Pull each line containing "faces" out of the data and copy it.
[Start of Attachment]
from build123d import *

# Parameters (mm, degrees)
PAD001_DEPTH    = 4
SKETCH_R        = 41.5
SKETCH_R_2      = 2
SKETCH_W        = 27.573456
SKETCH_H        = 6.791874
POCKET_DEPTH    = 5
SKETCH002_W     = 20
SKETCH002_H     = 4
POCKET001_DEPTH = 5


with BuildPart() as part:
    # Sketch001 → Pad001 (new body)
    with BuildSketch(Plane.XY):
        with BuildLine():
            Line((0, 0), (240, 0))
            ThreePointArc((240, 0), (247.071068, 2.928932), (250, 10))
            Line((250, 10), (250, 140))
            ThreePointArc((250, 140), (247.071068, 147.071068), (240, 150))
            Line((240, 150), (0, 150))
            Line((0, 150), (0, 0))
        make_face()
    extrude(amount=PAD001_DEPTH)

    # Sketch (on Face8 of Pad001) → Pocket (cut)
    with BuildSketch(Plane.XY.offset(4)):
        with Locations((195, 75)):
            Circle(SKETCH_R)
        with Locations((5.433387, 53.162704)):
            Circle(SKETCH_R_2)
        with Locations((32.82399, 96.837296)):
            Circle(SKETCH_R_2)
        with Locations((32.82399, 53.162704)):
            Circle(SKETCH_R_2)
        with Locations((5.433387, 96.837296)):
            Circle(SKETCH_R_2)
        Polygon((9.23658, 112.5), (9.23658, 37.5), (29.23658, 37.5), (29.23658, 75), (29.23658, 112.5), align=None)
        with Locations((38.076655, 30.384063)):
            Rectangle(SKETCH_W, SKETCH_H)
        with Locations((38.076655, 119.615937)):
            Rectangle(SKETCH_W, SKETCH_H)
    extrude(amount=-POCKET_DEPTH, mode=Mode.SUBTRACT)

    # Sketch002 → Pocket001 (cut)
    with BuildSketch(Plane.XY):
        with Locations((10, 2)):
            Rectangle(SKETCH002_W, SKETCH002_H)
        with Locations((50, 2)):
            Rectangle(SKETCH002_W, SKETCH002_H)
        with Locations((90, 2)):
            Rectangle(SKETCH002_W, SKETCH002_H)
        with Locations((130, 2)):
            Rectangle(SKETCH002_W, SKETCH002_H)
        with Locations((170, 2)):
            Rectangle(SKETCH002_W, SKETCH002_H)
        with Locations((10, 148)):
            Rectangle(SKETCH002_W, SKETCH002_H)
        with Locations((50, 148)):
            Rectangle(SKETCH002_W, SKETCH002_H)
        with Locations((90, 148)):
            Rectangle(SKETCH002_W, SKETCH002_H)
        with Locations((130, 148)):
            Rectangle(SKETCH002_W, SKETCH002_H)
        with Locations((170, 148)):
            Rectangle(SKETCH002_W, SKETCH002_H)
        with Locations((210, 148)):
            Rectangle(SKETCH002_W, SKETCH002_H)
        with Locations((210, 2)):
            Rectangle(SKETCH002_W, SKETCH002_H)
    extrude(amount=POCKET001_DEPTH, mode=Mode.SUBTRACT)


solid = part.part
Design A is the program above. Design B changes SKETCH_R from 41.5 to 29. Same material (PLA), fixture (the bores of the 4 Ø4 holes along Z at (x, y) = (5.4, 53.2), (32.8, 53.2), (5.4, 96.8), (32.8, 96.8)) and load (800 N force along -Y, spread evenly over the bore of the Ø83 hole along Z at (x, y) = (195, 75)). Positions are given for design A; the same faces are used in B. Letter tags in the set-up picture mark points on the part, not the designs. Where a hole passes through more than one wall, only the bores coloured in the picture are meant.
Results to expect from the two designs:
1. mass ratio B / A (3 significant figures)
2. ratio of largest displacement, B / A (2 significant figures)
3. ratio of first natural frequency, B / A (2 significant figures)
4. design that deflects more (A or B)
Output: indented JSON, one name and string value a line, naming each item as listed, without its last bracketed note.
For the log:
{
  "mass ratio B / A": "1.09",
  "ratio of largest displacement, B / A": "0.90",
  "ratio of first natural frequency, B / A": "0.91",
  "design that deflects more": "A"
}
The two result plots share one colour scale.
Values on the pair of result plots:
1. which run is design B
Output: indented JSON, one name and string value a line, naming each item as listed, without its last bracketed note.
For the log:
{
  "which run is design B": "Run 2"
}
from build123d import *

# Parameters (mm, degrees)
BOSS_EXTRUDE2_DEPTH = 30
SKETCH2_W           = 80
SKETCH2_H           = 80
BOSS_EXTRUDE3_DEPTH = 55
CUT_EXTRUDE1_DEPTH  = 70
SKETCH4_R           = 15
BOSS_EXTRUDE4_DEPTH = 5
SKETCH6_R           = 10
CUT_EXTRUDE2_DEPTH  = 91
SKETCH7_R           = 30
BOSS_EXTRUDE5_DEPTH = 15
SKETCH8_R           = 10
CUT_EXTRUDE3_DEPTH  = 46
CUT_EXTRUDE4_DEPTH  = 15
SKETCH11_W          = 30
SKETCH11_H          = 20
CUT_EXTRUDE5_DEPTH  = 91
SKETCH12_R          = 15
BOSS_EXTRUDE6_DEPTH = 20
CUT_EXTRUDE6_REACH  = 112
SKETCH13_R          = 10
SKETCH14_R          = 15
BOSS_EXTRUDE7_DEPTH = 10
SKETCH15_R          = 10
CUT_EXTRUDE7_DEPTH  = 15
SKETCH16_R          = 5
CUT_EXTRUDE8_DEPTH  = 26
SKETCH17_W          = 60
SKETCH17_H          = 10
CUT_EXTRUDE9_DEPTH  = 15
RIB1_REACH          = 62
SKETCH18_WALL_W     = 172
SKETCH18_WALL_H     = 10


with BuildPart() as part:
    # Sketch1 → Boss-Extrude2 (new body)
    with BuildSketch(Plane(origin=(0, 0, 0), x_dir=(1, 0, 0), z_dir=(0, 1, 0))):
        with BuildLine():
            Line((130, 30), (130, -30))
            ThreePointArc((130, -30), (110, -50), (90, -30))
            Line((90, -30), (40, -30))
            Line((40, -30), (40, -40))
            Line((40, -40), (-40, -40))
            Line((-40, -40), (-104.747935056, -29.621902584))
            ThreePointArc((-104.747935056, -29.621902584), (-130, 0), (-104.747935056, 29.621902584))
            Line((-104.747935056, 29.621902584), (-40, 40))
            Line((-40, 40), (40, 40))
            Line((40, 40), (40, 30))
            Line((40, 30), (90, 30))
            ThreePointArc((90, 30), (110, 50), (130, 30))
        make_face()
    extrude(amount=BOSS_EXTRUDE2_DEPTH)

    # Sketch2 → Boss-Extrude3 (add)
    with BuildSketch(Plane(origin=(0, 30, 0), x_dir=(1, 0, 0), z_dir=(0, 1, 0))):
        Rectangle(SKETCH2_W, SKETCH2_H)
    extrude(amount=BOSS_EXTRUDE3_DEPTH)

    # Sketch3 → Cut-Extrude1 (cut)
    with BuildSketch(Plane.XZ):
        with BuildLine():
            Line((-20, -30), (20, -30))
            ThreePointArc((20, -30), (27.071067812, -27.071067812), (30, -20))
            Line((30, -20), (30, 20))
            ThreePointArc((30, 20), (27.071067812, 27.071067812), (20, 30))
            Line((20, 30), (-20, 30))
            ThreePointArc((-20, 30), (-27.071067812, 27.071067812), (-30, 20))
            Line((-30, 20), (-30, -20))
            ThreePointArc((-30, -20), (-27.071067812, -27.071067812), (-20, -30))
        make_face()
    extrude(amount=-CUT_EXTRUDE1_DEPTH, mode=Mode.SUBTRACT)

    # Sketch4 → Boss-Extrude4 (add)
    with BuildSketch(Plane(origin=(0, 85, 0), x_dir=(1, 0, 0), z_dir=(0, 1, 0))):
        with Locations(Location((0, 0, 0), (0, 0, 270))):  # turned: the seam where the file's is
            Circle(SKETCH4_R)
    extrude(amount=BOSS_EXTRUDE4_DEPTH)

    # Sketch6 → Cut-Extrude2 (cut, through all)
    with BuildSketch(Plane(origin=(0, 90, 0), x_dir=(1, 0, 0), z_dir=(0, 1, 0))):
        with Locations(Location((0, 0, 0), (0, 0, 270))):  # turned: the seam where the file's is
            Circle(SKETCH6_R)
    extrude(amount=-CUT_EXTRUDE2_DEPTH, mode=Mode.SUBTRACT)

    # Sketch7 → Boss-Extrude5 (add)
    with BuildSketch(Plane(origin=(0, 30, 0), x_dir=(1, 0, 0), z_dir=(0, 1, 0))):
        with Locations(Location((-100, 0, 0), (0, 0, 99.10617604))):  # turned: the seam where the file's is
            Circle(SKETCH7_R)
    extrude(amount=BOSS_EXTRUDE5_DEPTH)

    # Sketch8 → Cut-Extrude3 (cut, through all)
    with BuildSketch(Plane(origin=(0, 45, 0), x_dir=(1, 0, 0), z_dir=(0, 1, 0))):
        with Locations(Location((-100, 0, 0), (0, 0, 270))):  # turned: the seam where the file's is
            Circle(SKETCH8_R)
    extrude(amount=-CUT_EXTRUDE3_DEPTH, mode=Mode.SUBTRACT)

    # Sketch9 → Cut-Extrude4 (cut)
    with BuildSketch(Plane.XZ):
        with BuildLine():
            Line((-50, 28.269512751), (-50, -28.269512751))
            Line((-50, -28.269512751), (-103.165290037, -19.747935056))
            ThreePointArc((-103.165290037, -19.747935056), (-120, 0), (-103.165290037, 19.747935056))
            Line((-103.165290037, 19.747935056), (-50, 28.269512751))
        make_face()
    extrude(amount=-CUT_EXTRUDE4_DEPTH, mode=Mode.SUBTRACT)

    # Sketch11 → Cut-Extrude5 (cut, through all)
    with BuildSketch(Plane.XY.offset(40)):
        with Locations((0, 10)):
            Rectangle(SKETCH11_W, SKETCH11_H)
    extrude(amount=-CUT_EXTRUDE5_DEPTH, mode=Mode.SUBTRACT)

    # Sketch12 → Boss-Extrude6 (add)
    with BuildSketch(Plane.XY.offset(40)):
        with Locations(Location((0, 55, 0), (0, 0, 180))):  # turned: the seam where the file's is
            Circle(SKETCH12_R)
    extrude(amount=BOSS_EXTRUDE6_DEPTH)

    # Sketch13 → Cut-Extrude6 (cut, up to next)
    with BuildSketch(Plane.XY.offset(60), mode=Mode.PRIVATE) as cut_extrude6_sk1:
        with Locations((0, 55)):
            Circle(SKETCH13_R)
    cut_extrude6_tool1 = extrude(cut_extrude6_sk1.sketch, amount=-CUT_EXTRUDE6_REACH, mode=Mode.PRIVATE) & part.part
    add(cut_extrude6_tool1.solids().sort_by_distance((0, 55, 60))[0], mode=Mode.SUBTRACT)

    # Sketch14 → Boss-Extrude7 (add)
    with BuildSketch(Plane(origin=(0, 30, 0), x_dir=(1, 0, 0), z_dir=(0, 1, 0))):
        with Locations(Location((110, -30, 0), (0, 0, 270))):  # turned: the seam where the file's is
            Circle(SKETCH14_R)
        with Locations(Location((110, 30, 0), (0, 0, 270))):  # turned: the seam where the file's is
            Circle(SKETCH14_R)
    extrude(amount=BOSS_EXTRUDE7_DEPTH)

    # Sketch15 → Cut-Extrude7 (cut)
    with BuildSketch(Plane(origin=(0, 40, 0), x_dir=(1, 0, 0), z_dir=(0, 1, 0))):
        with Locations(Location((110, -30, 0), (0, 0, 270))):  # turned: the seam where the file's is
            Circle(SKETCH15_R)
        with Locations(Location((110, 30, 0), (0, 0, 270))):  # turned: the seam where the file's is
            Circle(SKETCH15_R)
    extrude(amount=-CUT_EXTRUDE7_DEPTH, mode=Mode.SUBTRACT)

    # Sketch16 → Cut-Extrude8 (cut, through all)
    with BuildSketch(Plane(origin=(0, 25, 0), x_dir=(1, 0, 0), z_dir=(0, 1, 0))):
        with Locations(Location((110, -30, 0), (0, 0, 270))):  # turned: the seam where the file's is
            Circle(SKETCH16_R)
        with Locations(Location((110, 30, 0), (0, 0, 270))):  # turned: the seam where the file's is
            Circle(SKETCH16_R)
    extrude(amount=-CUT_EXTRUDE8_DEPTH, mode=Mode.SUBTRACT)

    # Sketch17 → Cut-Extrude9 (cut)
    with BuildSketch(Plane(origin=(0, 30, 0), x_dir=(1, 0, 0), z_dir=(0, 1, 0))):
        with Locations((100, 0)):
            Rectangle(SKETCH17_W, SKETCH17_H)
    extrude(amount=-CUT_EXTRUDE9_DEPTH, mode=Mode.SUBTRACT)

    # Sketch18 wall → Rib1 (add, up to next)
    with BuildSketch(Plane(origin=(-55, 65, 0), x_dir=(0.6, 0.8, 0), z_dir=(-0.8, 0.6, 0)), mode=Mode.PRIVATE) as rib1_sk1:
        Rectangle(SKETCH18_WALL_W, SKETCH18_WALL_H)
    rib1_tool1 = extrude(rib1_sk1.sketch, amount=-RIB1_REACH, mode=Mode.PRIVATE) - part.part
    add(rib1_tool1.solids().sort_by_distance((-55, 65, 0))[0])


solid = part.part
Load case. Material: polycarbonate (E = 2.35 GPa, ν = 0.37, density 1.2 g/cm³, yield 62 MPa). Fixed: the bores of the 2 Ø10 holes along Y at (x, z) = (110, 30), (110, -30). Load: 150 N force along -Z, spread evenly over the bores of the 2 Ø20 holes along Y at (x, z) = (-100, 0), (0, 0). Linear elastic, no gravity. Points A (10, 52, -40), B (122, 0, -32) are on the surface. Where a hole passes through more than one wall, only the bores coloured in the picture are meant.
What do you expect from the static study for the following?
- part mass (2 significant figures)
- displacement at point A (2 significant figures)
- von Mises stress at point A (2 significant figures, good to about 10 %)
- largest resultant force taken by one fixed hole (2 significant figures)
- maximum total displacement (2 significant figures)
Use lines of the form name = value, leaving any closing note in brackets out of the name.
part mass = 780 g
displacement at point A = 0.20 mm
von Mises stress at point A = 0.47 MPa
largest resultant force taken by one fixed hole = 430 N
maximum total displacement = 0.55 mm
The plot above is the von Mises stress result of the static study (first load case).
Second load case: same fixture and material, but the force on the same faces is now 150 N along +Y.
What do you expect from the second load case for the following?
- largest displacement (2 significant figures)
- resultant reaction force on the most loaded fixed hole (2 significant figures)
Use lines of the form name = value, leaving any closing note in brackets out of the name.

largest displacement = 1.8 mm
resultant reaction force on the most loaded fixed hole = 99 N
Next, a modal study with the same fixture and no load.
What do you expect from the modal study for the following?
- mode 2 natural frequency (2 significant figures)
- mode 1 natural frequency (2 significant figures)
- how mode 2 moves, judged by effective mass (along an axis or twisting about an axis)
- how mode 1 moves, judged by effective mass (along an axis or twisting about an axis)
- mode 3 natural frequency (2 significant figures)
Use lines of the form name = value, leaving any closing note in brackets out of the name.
[End of Attachment]
» Finished exercise
Design A is the program above. Design B changes SKETCH_R from 41.5 to 29. Same material (PLA), fixture (the bores of the 4 Ø4 holes along Z at (x, y) = (5.4, 53.2), (32.8, 53.2), (5.4, 96.8), (32.8, 96.8)) and load (800 N force along -Y, spread evenly over the bore of the Ø83 hole along Z at (x, y) = (195, 75)). Positions are given for design A; the same faces are used in B. Letter tags in the set-up picture mark points on the part, not the designs. Where a hole passes through more than one wall, only the bores coloured in the picture are meant.
Second load case: same fixture and material, but the force on the same faces is now 150 N along +Y.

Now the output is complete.